— Exercise brief —
Exactly as they appear below, repeat the lines from the one with "8) pill bottle (62,307,172,425)" through the one with "18) sneaker (315,406,368,452)", and no others.

*** Opening Material for this task ***

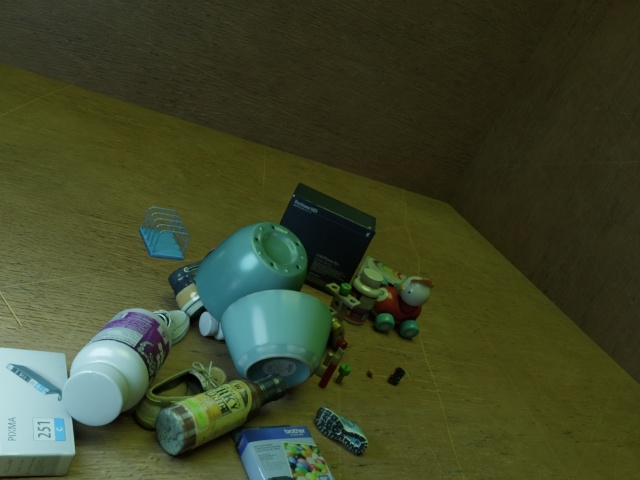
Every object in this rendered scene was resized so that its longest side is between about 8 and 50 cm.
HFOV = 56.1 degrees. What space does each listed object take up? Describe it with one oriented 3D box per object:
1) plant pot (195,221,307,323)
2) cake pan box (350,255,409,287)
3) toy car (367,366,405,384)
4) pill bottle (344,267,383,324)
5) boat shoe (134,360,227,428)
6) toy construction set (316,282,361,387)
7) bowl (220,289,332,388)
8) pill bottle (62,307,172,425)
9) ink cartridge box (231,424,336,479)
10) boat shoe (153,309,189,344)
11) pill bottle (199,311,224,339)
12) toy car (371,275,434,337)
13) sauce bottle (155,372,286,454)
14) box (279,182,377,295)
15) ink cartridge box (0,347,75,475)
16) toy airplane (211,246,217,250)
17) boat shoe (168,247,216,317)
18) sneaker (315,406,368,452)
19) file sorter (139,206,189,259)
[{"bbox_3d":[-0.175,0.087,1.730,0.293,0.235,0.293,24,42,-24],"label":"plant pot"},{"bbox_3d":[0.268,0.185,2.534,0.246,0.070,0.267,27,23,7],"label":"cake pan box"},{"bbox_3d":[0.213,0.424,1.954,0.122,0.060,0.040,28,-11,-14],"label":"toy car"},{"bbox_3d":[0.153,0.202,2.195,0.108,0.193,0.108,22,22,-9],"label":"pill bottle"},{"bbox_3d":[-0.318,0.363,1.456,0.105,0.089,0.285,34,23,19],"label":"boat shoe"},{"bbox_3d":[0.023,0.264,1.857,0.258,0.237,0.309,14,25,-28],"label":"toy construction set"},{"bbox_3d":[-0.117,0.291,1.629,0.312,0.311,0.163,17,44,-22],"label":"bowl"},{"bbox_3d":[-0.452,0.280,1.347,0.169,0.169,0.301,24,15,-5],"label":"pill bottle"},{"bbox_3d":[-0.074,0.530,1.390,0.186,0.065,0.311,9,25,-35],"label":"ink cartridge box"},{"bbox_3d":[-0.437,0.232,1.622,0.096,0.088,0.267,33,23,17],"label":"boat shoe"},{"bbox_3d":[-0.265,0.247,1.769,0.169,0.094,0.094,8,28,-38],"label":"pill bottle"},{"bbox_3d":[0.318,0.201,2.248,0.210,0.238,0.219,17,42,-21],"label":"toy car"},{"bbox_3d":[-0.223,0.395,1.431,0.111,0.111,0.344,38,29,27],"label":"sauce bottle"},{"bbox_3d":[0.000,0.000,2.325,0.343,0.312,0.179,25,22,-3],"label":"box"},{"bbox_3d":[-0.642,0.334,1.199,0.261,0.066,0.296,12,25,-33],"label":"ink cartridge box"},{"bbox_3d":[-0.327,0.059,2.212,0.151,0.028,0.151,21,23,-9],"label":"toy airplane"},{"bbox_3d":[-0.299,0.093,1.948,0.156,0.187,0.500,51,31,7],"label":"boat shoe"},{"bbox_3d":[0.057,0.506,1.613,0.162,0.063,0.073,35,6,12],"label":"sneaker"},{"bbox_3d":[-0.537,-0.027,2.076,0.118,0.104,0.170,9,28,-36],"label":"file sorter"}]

*** Closing Material for this task ***
*** Opening Material for this task ***

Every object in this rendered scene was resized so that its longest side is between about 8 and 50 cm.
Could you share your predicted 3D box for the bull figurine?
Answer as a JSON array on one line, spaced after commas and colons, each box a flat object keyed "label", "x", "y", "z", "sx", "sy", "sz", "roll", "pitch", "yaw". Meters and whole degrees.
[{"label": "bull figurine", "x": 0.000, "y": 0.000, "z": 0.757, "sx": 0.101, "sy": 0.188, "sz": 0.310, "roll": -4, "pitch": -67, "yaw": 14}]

*** Closing Material for this task ***
*** Opening Material for this task ***

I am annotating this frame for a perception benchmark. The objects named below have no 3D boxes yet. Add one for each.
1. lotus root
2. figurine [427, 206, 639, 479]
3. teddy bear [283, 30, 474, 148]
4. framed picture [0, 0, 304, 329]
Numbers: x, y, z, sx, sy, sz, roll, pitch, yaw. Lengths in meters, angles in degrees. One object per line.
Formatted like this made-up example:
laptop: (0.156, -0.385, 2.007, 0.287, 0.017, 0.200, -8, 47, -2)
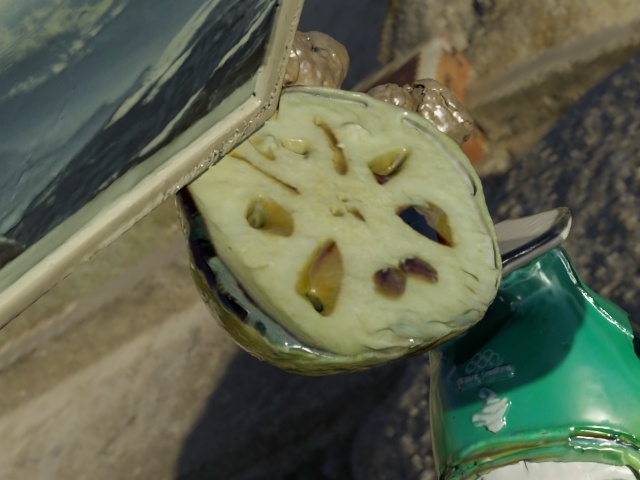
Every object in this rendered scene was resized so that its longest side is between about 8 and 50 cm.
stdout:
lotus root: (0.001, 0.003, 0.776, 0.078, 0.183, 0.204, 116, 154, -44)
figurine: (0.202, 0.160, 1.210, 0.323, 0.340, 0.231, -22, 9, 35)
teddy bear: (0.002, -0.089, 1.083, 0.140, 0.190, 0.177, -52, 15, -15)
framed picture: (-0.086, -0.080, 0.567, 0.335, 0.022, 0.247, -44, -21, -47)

*** Closing Material for this task ***

— Solution to this exercise —
8) pill bottle (62,307,172,425)
9) ink cartridge box (231,424,336,479)
10) boat shoe (153,309,189,344)
11) pill bottle (199,311,224,339)
12) toy car (371,275,434,337)
13) sauce bottle (155,372,286,454)
14) box (279,182,377,295)
15) ink cartridge box (0,347,75,475)
16) toy airplane (211,246,217,250)
17) boat shoe (168,247,216,317)
18) sneaker (315,406,368,452)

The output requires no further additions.